### What is expected
Every line from the one containing "- position: [-0.582, -0.416, 1.790]" through the end of the data is to be copied exactly, and nothing outside that range.
** Opening Data to use block **
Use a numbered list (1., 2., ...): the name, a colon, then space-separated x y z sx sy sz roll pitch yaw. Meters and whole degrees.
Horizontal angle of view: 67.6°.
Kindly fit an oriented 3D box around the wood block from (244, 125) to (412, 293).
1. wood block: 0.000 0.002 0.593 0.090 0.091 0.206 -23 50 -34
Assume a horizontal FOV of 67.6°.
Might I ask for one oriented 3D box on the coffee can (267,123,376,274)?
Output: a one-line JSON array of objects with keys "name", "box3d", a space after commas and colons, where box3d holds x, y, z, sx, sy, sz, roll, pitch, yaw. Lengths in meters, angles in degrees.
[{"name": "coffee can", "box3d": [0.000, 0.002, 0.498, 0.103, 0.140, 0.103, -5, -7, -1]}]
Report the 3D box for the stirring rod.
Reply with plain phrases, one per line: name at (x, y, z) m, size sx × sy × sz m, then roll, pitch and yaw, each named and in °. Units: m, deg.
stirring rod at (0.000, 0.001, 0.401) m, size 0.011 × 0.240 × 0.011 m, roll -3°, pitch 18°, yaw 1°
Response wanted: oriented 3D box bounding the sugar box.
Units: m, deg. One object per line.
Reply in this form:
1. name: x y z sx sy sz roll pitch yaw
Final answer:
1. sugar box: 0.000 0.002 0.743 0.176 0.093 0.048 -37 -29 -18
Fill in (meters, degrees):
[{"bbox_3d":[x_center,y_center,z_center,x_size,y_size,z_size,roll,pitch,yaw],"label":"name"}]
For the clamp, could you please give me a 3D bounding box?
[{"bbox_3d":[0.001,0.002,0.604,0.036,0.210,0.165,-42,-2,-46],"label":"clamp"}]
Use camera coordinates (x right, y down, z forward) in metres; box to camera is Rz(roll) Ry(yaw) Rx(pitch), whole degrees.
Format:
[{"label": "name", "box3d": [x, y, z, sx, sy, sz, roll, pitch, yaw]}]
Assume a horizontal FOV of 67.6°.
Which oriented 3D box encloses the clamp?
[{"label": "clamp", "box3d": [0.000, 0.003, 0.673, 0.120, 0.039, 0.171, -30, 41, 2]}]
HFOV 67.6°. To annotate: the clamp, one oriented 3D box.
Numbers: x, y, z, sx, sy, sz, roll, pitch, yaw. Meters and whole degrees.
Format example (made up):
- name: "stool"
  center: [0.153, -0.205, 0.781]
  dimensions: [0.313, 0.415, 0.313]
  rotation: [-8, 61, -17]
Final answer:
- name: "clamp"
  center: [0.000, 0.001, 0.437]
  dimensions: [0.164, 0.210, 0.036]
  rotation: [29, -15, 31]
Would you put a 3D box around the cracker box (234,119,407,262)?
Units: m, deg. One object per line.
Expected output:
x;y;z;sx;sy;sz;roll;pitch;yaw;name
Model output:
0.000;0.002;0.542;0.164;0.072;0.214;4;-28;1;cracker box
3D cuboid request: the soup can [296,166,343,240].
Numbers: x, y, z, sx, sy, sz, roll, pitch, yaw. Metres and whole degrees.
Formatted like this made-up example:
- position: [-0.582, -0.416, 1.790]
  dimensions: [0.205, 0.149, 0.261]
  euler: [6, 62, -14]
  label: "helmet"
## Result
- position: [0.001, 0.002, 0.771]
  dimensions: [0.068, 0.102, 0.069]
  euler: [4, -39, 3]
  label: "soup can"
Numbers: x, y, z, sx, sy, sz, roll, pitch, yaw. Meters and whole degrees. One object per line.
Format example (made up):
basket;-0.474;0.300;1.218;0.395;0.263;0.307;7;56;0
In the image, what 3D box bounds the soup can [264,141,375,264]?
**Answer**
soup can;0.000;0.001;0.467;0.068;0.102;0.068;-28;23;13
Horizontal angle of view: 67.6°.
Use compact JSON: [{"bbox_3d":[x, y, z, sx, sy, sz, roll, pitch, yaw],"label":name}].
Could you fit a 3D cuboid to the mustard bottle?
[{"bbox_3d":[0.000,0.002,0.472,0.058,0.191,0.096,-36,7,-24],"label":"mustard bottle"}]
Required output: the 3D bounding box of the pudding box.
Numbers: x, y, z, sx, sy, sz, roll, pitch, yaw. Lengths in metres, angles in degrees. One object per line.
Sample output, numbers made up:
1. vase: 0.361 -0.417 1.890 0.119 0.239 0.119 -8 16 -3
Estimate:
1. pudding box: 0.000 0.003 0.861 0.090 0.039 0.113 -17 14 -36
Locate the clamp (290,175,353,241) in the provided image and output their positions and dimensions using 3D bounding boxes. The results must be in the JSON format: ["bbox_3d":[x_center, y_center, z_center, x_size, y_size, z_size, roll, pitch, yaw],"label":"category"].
** Closing Data to use block **
### Output
- position: [-0.582, -0.416, 1.790]
  dimensions: [0.205, 0.149, 0.261]
  euler: [6, 62, -14]
  label: "helmet"
## Result
- position: [0.001, 0.002, 0.771]
  dimensions: [0.068, 0.102, 0.069]
  euler: [4, -39, 3]
  label: "soup can"
Numbers: x, y, z, sx, sy, sz, roll, pitch, yaw. Meters and whole degrees. One object per line.
Format example (made up):
basket;-0.474;0.300;1.218;0.395;0.263;0.307;7;56;0
In the image, what 3D box bounds the soup can [264,141,375,264]?
**Answer**
soup can;0.000;0.001;0.467;0.068;0.102;0.068;-28;23;13
Horizontal angle of view: 67.6°.
Use compact JSON: [{"bbox_3d":[x, y, z, sx, sy, sz, roll, pitch, yaw],"label":name}].
Could you fit a 3D cuboid to the mustard bottle?
[{"bbox_3d":[0.000,0.002,0.472,0.058,0.191,0.096,-36,7,-24],"label":"mustard bottle"}]
Required output: the 3D bounding box of the pudding box.
Numbers: x, y, z, sx, sy, sz, roll, pitch, yaw. Lengths in metres, angles in degrees. One object per line.
Sample output, numbers made up:
1. vase: 0.361 -0.417 1.890 0.119 0.239 0.119 -8 16 -3
Estimate:
1. pudding box: 0.000 0.003 0.861 0.090 0.039 0.113 -17 14 -36
Locate the clamp (290,175,353,241) in the provided image and output their positions and dimensions using 3D bounding boxes. The results must be in the JSON format: ["bbox_3d":[x_center, y_center, z_center, x_size, y_size, z_size, roll, pitch, yaw],"label":"category"].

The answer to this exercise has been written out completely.